• Task to complete:
Beneath this task are records; print exactly the stretch of them from the line with "Provide a short and direct response. 14.18." through the line with "Provide a short and direct response. 10.93.", both ends included.

• Items listed in a dataset:
=-=-=

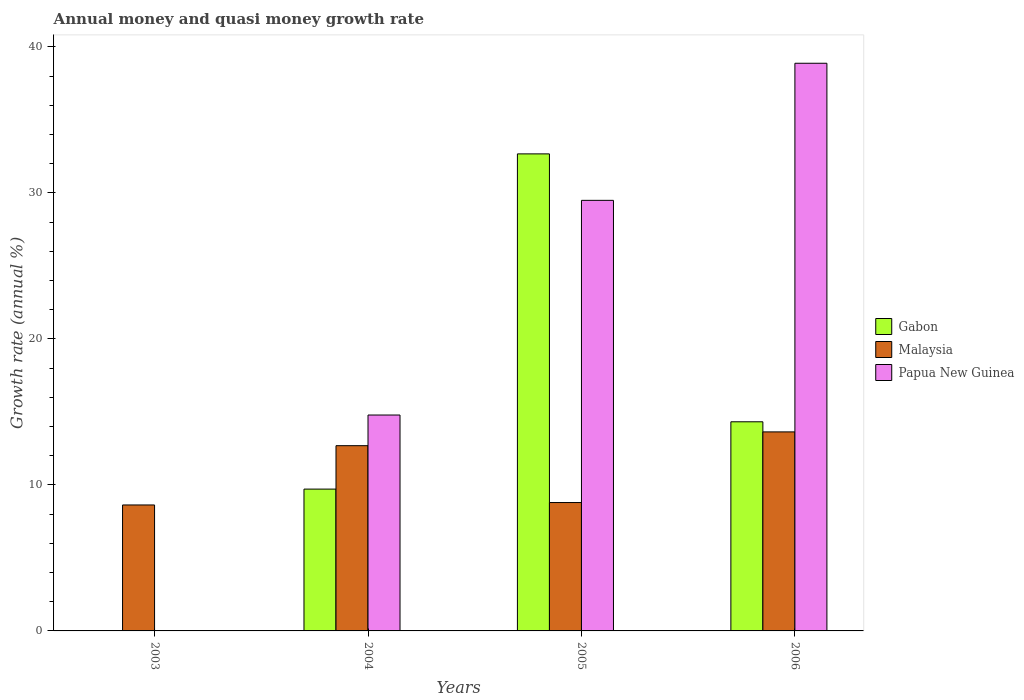Are the number of bars per tick equal to the number of legend labels?
Your answer should be compact. No. How many bars are there on the 3rd tick from the left?
Give a very brief answer. 3. What is the label of the 1st group of bars from the left?
Give a very brief answer. 2003. What is the growth rate in Malaysia in 2005?
Make the answer very short. 8.79. Across all years, what is the maximum growth rate in Papua New Guinea?
Your answer should be very brief. 38.88. What is the total growth rate in Gabon in the graph?
Provide a short and direct response. 56.71. What is the difference between the growth rate in Gabon in 2004 and that in 2005?
Give a very brief answer. -22.96. What is the difference between the growth rate in Papua New Guinea in 2003 and the growth rate in Malaysia in 2006?
Offer a terse response. -13.63. What is the average growth rate in Malaysia per year?
Your response must be concise. 10.93. In the year 2004, what is the difference between the growth rate in Malaysia and growth rate in Papua New Guinea?
Keep it short and to the point. -2.1. In how many years, is the growth rate in Papua New Guinea greater than 18 %?
Your answer should be compact. 2. What is the ratio of the growth rate in Malaysia in 2004 to that in 2006?
Provide a short and direct response. 0.93. Is the difference between the growth rate in Malaysia in 2004 and 2005 greater than the difference between the growth rate in Papua New Guinea in 2004 and 2005?
Give a very brief answer. Yes. What is the difference between the highest and the second highest growth rate in Papua New Guinea?
Ensure brevity in your answer.  9.39. What is the difference between the highest and the lowest growth rate in Papua New Guinea?
Your response must be concise. 38.88. Is the sum of the growth rate in Papua New Guinea in 2004 and 2005 greater than the maximum growth rate in Gabon across all years?
Give a very brief answer. Yes. Does the graph contain grids?
Offer a terse response. No. How are the legend labels stacked?
Ensure brevity in your answer.  Vertical. What is the title of the graph?
Provide a succinct answer. Annual money and quasi money growth rate. Does "Argentina" appear as one of the legend labels in the graph?
Make the answer very short. No. What is the label or title of the X-axis?
Make the answer very short. Years. What is the label or title of the Y-axis?
Your answer should be very brief. Growth rate (annual %). What is the Growth rate (annual %) in Gabon in 2003?
Give a very brief answer. 0. What is the Growth rate (annual %) in Malaysia in 2003?
Ensure brevity in your answer.  8.63. What is the Growth rate (annual %) of Gabon in 2004?
Offer a terse response. 9.71. What is the Growth rate (annual %) of Malaysia in 2004?
Ensure brevity in your answer.  12.69. What is the Growth rate (annual %) in Papua New Guinea in 2004?
Keep it short and to the point. 14.79. What is the Growth rate (annual %) of Gabon in 2005?
Provide a succinct answer. 32.67. What is the Growth rate (annual %) in Malaysia in 2005?
Make the answer very short. 8.79. What is the Growth rate (annual %) of Papua New Guinea in 2005?
Provide a short and direct response. 29.49. What is the Growth rate (annual %) of Gabon in 2006?
Your answer should be compact. 14.32. What is the Growth rate (annual %) of Malaysia in 2006?
Your response must be concise. 13.63. What is the Growth rate (annual %) in Papua New Guinea in 2006?
Your answer should be very brief. 38.88. Across all years, what is the maximum Growth rate (annual %) in Gabon?
Provide a short and direct response. 32.67. Across all years, what is the maximum Growth rate (annual %) in Malaysia?
Offer a terse response. 13.63. Across all years, what is the maximum Growth rate (annual %) in Papua New Guinea?
Your answer should be very brief. 38.88. Across all years, what is the minimum Growth rate (annual %) of Malaysia?
Your response must be concise. 8.63. What is the total Growth rate (annual %) of Gabon in the graph?
Your answer should be very brief. 56.71. What is the total Growth rate (annual %) of Malaysia in the graph?
Keep it short and to the point. 43.74. What is the total Growth rate (annual %) in Papua New Guinea in the graph?
Offer a very short reply. 83.16. What is the difference between the Growth rate (annual %) in Malaysia in 2003 and that in 2004?
Give a very brief answer. -4.06. What is the difference between the Growth rate (annual %) of Malaysia in 2003 and that in 2005?
Give a very brief answer. -0.17. What is the difference between the Growth rate (annual %) in Malaysia in 2003 and that in 2006?
Keep it short and to the point. -5. What is the difference between the Growth rate (annual %) of Gabon in 2004 and that in 2005?
Ensure brevity in your answer.  -22.96. What is the difference between the Growth rate (annual %) in Malaysia in 2004 and that in 2005?
Keep it short and to the point. 3.89. What is the difference between the Growth rate (annual %) of Papua New Guinea in 2004 and that in 2005?
Provide a succinct answer. -14.7. What is the difference between the Growth rate (annual %) in Gabon in 2004 and that in 2006?
Make the answer very short. -4.61. What is the difference between the Growth rate (annual %) of Malaysia in 2004 and that in 2006?
Make the answer very short. -0.94. What is the difference between the Growth rate (annual %) of Papua New Guinea in 2004 and that in 2006?
Ensure brevity in your answer.  -24.09. What is the difference between the Growth rate (annual %) in Gabon in 2005 and that in 2006?
Offer a very short reply. 18.35. What is the difference between the Growth rate (annual %) in Malaysia in 2005 and that in 2006?
Your response must be concise. -4.84. What is the difference between the Growth rate (annual %) in Papua New Guinea in 2005 and that in 2006?
Ensure brevity in your answer.  -9.39. What is the difference between the Growth rate (annual %) in Malaysia in 2003 and the Growth rate (annual %) in Papua New Guinea in 2004?
Provide a succinct answer. -6.16. What is the difference between the Growth rate (annual %) in Malaysia in 2003 and the Growth rate (annual %) in Papua New Guinea in 2005?
Provide a short and direct response. -20.86. What is the difference between the Growth rate (annual %) of Malaysia in 2003 and the Growth rate (annual %) of Papua New Guinea in 2006?
Your answer should be compact. -30.25. What is the difference between the Growth rate (annual %) of Gabon in 2004 and the Growth rate (annual %) of Malaysia in 2005?
Give a very brief answer. 0.92. What is the difference between the Growth rate (annual %) in Gabon in 2004 and the Growth rate (annual %) in Papua New Guinea in 2005?
Give a very brief answer. -19.78. What is the difference between the Growth rate (annual %) in Malaysia in 2004 and the Growth rate (annual %) in Papua New Guinea in 2005?
Ensure brevity in your answer.  -16.8. What is the difference between the Growth rate (annual %) in Gabon in 2004 and the Growth rate (annual %) in Malaysia in 2006?
Make the answer very short. -3.92. What is the difference between the Growth rate (annual %) of Gabon in 2004 and the Growth rate (annual %) of Papua New Guinea in 2006?
Your answer should be very brief. -29.17. What is the difference between the Growth rate (annual %) in Malaysia in 2004 and the Growth rate (annual %) in Papua New Guinea in 2006?
Keep it short and to the point. -26.19. What is the difference between the Growth rate (annual %) of Gabon in 2005 and the Growth rate (annual %) of Malaysia in 2006?
Give a very brief answer. 19.04. What is the difference between the Growth rate (annual %) in Gabon in 2005 and the Growth rate (annual %) in Papua New Guinea in 2006?
Ensure brevity in your answer.  -6.21. What is the difference between the Growth rate (annual %) of Malaysia in 2005 and the Growth rate (annual %) of Papua New Guinea in 2006?
Keep it short and to the point. -30.09. What is the average Growth rate (annual %) in Gabon per year?
Provide a short and direct response. 14.18. What is the average Growth rate (annual %) of Malaysia per year?
Provide a short and direct response. 10.93. What is the average Growth rate (annual %) in Papua New Guinea per year?
Provide a short and direct response. 20.79. In the year 2004, what is the difference between the Growth rate (annual %) in Gabon and Growth rate (annual %) in Malaysia?
Make the answer very short. -2.97. In the year 2004, what is the difference between the Growth rate (annual %) in Gabon and Growth rate (annual %) in Papua New Guinea?
Make the answer very short. -5.07. In the year 2004, what is the difference between the Growth rate (annual %) of Malaysia and Growth rate (annual %) of Papua New Guinea?
Your answer should be compact. -2.1. In the year 2005, what is the difference between the Growth rate (annual %) of Gabon and Growth rate (annual %) of Malaysia?
Keep it short and to the point. 23.88. In the year 2005, what is the difference between the Growth rate (annual %) of Gabon and Growth rate (annual %) of Papua New Guinea?
Your response must be concise. 3.18. In the year 2005, what is the difference between the Growth rate (annual %) in Malaysia and Growth rate (annual %) in Papua New Guinea?
Provide a short and direct response. -20.7. In the year 2006, what is the difference between the Growth rate (annual %) of Gabon and Growth rate (annual %) of Malaysia?
Offer a very short reply. 0.69. In the year 2006, what is the difference between the Growth rate (annual %) of Gabon and Growth rate (annual %) of Papua New Guinea?
Provide a short and direct response. -24.56. In the year 2006, what is the difference between the Growth rate (annual %) of Malaysia and Growth rate (annual %) of Papua New Guinea?
Provide a succinct answer. -25.25. What is the ratio of the Growth rate (annual %) in Malaysia in 2003 to that in 2004?
Keep it short and to the point. 0.68. What is the ratio of the Growth rate (annual %) in Malaysia in 2003 to that in 2005?
Make the answer very short. 0.98. What is the ratio of the Growth rate (annual %) of Malaysia in 2003 to that in 2006?
Offer a very short reply. 0.63. What is the ratio of the Growth rate (annual %) of Gabon in 2004 to that in 2005?
Keep it short and to the point. 0.3. What is the ratio of the Growth rate (annual %) of Malaysia in 2004 to that in 2005?
Give a very brief answer. 1.44. What is the ratio of the Growth rate (annual %) of Papua New Guinea in 2004 to that in 2005?
Offer a terse response. 0.5. What is the ratio of the Growth rate (annual %) in Gabon in 2004 to that in 2006?
Your answer should be very brief. 0.68. What is the ratio of the Growth rate (annual %) in Malaysia in 2004 to that in 2006?
Give a very brief answer. 0.93. What is the ratio of the Growth rate (annual %) of Papua New Guinea in 2004 to that in 2006?
Keep it short and to the point. 0.38. What is the ratio of the Growth rate (annual %) of Gabon in 2005 to that in 2006?
Provide a short and direct response. 2.28. What is the ratio of the Growth rate (annual %) in Malaysia in 2005 to that in 2006?
Offer a terse response. 0.65. What is the ratio of the Growth rate (annual %) of Papua New Guinea in 2005 to that in 2006?
Your answer should be compact. 0.76. What is the difference between the highest and the second highest Growth rate (annual %) of Gabon?
Provide a succinct answer. 18.35. What is the difference between the highest and the second highest Growth rate (annual %) of Malaysia?
Your answer should be very brief. 0.94. What is the difference between the highest and the second highest Growth rate (annual %) of Papua New Guinea?
Keep it short and to the point. 9.39. What is the difference between the highest and the lowest Growth rate (annual %) in Gabon?
Offer a very short reply. 32.67. What is the difference between the highest and the lowest Growth rate (annual %) of Malaysia?
Ensure brevity in your answer.  5. What is the difference between the highest and the lowest Growth rate (annual %) in Papua New Guinea?
Your response must be concise. 38.88. 
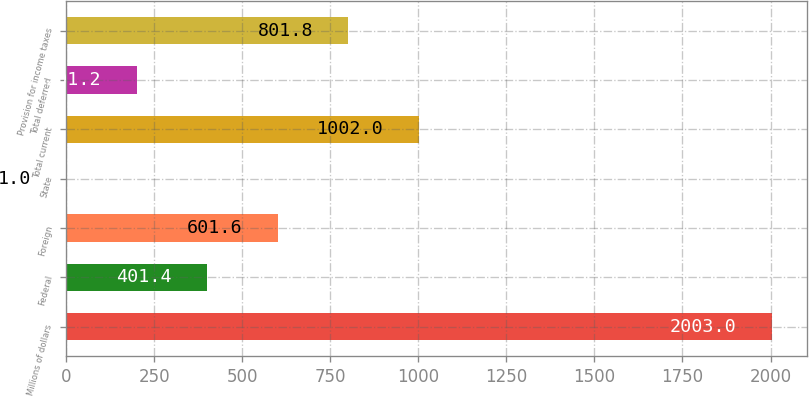<chart> <loc_0><loc_0><loc_500><loc_500><bar_chart><fcel>Millions of dollars<fcel>Federal<fcel>Foreign<fcel>State<fcel>Total current<fcel>Total deferred<fcel>Provision for income taxes<nl><fcel>2003<fcel>401.4<fcel>601.6<fcel>1<fcel>1002<fcel>201.2<fcel>801.8<nl></chart>

=-=-=

• Answer to this task:
Provide a short and direct response. 14.18. What is the average Growth rate (annual %) of Malaysia per year?
Provide a short and direct response. 10.93. What is the average Growth rate (annual %) in Papua New Guinea per year?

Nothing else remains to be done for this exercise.